Credentials are stored in Vault and will not be displayed when tenant queries service definition through REST API or admin CLI. Each field must be non-empty and at most 255 characters. Deleting a service version removes its associated Vault credentials.

The registry URL is used as an image match prefix for kubelet's [image credential provider](https://kubernetes.io/docs/tasks/administer-cluster/kubelet-credential-provider/). NICo matches credentials against the image reference by prefix.

**Examples:**

* Images `nvcr.io/nvforge/abcd` and `nvcr.io/nvforge/efgh` → use `registryUrl` of `nvcr.io/nvforge` (no trailing `/`).
* Image `nvcr.io/nv-ngn/sdn/controller:latest` → use `registryUrl` of `nvcr.io/nv-ngn/sdn`.

**Multiple services with different credentials:** Each service that needs its own credentials must use a distinct `registryUrl` prefix. If two services share the same prefix (for example, both use `nvcr.io/nvforge`) with different username/password pairs, kubelet may apply either credential non-deterministically.

DPUs pull images through a site-controller SOCKS5 proxy (`socks5://socks.forge:1888`). No additional proxy configuration is required in the service definition.

### Versioning

| Action | Creates new version? |
|---|---|
| Create service | Yes — initial version `V1`, `version_ctr` set to 1 |
| Update name or description only | No |
| Update `data`, `credentials`, or `observability` | Yes — increments `version_ctr` |
| Submit identical `data` and credentials | Rejected |

Previous versions remain available for deployment until deleted. To roll out a new version, update each Instance's `dpuExtensionServiceDeployments`.

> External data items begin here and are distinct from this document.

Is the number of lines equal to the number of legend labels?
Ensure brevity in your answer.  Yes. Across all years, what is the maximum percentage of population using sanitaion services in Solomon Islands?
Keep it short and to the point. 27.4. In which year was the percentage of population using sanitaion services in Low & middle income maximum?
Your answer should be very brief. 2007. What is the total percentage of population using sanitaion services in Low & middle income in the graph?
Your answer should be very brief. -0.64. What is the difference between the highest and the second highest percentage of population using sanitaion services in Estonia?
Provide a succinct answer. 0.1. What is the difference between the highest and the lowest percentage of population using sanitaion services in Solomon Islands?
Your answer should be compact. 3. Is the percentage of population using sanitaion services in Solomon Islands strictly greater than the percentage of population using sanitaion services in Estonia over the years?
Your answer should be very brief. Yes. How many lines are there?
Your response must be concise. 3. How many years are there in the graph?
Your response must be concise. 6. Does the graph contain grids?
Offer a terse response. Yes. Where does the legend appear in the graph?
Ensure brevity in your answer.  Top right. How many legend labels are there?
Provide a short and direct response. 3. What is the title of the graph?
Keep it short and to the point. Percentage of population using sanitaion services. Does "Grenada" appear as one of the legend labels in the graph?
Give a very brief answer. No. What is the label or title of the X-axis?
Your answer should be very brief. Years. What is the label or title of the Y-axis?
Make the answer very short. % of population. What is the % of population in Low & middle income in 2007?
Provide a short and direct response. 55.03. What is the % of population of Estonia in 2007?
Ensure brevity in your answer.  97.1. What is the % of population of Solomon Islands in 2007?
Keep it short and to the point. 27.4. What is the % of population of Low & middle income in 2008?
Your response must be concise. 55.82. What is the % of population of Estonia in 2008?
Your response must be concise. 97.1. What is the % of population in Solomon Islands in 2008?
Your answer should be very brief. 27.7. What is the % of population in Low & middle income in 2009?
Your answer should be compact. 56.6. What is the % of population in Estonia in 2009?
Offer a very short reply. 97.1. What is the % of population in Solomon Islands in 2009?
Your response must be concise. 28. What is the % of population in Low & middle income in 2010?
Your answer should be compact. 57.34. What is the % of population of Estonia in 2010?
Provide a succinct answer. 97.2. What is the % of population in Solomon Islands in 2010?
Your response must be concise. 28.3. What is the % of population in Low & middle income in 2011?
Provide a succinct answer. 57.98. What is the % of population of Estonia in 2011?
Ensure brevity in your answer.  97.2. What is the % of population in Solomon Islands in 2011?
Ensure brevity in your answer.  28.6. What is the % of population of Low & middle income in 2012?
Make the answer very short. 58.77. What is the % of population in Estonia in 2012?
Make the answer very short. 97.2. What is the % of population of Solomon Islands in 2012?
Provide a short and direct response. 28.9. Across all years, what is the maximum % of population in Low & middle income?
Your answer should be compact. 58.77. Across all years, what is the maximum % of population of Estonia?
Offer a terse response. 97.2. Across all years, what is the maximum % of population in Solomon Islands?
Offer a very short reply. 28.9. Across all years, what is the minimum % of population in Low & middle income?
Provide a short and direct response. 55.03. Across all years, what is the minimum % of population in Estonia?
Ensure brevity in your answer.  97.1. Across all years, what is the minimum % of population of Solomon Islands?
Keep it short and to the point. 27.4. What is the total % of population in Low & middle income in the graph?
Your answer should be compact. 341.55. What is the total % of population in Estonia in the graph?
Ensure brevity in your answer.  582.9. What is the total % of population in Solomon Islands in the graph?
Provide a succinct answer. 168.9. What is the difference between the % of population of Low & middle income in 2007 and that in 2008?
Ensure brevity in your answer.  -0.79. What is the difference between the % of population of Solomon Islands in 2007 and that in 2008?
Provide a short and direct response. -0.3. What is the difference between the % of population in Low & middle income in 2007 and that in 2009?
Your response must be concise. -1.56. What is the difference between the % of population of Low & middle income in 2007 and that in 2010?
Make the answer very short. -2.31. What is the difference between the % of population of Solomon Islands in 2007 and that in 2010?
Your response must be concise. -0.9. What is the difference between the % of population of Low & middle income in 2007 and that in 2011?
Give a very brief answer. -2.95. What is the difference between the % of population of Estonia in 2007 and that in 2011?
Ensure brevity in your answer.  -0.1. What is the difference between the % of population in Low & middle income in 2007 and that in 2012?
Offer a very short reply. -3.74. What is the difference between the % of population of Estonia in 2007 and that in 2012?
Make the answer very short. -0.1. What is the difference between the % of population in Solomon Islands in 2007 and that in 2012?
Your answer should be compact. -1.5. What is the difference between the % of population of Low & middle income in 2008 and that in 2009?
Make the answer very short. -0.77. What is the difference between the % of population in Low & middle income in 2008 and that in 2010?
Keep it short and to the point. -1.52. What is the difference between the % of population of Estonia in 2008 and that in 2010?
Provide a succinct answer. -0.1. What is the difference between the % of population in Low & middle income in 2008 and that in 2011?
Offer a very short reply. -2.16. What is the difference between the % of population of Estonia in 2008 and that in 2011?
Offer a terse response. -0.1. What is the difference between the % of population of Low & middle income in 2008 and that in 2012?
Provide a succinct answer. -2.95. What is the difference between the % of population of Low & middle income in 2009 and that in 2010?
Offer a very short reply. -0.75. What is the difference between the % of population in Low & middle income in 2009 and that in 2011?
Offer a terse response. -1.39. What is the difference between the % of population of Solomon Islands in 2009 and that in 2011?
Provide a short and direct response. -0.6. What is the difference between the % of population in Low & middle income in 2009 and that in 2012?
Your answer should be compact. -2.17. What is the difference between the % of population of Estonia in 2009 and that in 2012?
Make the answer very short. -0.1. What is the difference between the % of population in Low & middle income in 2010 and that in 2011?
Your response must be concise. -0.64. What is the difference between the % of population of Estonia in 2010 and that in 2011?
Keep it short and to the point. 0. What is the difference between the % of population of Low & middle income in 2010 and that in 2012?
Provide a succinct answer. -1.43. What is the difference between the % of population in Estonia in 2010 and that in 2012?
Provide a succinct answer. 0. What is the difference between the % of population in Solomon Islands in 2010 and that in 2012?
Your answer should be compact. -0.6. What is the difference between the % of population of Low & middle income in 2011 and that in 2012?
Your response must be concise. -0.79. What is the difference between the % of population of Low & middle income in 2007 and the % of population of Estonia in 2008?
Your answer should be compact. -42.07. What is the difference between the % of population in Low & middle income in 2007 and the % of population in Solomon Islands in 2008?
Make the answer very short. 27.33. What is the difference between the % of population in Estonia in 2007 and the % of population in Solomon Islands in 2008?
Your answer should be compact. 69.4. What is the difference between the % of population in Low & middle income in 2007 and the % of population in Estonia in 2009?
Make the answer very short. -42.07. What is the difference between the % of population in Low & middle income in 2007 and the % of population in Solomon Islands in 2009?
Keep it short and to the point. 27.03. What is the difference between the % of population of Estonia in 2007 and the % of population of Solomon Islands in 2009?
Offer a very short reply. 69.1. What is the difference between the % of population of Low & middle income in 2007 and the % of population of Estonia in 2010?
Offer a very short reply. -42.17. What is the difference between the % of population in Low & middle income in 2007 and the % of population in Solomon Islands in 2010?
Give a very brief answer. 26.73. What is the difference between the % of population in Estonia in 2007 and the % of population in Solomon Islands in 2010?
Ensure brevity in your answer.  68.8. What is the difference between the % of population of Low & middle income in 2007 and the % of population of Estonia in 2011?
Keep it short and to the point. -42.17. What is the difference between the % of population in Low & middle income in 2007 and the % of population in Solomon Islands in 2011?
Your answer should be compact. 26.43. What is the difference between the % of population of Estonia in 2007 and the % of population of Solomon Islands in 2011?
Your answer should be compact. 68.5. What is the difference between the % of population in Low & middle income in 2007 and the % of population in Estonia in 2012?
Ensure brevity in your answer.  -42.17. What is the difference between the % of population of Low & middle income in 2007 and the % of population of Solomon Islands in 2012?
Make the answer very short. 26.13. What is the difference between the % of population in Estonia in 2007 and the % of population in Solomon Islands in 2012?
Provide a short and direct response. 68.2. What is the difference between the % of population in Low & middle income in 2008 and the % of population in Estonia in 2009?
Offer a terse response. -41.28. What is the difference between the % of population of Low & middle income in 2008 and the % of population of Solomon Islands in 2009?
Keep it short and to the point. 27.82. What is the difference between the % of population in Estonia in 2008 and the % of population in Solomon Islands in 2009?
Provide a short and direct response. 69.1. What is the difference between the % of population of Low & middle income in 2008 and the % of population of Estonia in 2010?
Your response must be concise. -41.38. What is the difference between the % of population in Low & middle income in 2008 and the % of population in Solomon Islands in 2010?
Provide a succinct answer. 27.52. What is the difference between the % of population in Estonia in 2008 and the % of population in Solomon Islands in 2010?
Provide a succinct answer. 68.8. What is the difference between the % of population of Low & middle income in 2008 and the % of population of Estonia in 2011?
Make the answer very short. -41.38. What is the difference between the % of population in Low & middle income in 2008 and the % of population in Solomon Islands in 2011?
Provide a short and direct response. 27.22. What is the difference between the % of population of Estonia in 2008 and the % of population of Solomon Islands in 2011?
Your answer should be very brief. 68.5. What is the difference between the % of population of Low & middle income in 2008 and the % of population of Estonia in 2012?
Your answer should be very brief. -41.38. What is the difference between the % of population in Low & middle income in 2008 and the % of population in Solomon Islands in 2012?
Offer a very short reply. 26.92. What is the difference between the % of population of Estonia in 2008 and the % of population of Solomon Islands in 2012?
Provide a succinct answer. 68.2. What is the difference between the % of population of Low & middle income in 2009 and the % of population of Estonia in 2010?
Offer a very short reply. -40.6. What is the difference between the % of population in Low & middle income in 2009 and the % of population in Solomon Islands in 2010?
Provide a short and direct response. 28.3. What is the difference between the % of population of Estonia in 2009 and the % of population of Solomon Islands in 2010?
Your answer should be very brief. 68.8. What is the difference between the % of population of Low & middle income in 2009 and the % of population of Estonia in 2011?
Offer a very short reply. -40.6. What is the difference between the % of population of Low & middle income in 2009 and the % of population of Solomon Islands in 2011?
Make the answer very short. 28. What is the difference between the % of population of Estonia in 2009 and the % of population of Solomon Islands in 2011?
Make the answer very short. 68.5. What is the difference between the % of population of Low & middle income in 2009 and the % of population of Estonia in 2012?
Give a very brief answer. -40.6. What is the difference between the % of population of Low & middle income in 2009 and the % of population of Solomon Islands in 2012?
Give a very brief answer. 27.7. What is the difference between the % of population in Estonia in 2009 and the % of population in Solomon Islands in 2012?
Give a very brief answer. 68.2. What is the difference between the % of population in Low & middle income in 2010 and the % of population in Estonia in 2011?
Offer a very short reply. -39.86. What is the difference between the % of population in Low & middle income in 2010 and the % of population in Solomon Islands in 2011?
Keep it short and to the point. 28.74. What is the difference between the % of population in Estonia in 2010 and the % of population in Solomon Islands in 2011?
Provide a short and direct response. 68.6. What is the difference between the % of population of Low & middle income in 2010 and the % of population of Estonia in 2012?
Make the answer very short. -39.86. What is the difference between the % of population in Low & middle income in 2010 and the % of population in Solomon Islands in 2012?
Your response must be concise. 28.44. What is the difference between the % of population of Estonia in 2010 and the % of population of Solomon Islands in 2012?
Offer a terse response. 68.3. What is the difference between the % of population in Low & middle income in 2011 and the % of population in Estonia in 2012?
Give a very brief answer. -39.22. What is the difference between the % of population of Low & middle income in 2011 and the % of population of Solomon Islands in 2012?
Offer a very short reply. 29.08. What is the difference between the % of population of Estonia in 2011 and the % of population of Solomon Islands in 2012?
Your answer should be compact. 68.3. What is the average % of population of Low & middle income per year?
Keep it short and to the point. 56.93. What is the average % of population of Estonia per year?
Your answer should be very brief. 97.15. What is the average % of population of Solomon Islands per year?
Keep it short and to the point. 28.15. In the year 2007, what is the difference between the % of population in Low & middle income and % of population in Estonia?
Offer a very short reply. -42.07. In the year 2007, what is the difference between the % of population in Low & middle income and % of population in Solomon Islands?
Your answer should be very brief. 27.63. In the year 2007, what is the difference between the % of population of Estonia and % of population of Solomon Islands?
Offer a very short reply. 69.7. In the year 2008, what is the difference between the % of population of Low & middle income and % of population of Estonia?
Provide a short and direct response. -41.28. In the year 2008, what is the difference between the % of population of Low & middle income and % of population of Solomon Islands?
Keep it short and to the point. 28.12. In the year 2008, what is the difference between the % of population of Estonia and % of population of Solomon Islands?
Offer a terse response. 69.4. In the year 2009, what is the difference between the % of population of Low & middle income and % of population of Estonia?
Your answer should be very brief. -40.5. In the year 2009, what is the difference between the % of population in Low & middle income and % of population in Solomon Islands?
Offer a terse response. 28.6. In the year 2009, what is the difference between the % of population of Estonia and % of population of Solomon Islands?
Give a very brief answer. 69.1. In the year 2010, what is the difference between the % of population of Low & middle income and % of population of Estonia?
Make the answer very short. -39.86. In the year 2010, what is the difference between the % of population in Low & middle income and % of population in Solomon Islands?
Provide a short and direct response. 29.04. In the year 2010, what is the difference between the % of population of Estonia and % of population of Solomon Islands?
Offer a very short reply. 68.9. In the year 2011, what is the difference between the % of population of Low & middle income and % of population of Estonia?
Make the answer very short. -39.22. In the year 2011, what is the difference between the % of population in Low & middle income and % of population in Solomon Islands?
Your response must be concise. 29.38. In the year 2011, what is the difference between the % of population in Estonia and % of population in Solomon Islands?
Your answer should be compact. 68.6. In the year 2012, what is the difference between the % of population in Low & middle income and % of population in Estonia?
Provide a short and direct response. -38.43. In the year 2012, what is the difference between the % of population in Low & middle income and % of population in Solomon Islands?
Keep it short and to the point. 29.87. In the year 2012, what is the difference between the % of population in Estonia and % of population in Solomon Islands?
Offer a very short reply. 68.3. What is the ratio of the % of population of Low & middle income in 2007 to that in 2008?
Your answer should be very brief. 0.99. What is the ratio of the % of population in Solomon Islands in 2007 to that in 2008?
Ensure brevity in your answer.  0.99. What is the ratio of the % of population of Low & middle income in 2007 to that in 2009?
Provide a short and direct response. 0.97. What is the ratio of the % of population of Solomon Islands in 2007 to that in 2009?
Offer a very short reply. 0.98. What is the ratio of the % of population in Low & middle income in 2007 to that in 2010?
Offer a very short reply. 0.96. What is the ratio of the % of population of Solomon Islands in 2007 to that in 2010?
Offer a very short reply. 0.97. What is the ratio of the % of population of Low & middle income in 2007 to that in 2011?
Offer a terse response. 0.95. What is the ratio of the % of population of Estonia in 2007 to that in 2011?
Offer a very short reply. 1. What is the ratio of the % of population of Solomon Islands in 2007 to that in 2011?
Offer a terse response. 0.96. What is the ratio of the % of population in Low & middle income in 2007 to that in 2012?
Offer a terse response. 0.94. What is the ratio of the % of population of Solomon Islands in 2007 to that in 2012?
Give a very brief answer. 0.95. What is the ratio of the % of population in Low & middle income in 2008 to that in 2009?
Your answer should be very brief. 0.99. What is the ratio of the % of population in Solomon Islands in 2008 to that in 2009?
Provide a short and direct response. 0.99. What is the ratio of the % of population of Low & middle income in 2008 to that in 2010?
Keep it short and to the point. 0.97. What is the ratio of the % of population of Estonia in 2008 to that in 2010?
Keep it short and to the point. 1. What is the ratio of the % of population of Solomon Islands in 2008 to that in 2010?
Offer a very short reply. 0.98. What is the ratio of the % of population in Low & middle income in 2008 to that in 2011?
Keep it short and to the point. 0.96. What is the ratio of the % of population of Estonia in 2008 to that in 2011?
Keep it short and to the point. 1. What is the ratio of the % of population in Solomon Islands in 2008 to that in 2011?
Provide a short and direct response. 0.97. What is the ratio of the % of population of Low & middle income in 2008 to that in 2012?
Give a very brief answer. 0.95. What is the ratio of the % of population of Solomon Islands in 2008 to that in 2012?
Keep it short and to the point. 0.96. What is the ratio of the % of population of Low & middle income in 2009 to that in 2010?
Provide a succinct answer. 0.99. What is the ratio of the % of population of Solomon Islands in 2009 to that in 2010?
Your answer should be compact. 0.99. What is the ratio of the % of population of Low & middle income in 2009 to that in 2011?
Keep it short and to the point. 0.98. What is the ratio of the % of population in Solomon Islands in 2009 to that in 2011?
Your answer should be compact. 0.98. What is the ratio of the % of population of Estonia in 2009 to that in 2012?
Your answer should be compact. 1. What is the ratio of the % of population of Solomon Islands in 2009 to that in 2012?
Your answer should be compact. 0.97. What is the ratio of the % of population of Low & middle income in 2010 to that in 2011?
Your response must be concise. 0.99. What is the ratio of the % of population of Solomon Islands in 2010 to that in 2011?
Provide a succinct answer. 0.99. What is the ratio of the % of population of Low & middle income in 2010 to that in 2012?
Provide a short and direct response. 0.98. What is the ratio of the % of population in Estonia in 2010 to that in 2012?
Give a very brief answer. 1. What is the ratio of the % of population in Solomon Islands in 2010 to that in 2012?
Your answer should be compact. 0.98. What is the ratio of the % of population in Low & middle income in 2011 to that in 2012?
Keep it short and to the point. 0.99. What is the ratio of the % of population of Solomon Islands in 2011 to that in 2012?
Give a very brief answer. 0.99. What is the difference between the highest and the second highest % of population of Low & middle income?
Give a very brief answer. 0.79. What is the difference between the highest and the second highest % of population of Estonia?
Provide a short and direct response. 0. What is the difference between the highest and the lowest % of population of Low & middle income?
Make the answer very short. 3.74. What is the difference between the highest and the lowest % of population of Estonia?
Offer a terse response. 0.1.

### Deployment Status Values

| Status | Meaning |
|---|---|
| `Pending` | Deployment is in progress. |
| `Running` | The service is running on the DPU. |
| `Terminating` | The service is being removed from the Instance. |
| `Terminated` | The service has been fully removed from the DPU. |
| `Failed` / `Error` | Deployment or teardown encountered an error. Check the status message on the Instance. |
| `Unknown` | Status not yet available, or DPUs have not synced the desired configuration. |

NICo aggregates status across all DPUs on an Instance. If any DPU reports `Error`, the overall status is `Error`. If any DPU reports `Pending`, the overall status is `Pending`. All DPUs must report `Running` for the overall status to be `Running`.

### Instance Lifecycle Behavior

**Provisioning:** After network configuration completes, the Instance waits in `WaitingForExtensionServicesConfig` until all configured extension services are running on every DPU. Hosts with zero DPUs skip this step.

**Configuration updates:** Extension services can be added, upgraded, or removed while the Instance is in `Ready` state. Removed services are tracked as terminating until all DPUs confirm `Terminated`.

**Deallocation:** During teardown, NICo waits in `WaitingForNetworkReconfig` until all extension services report `Terminated` before completing cleanup.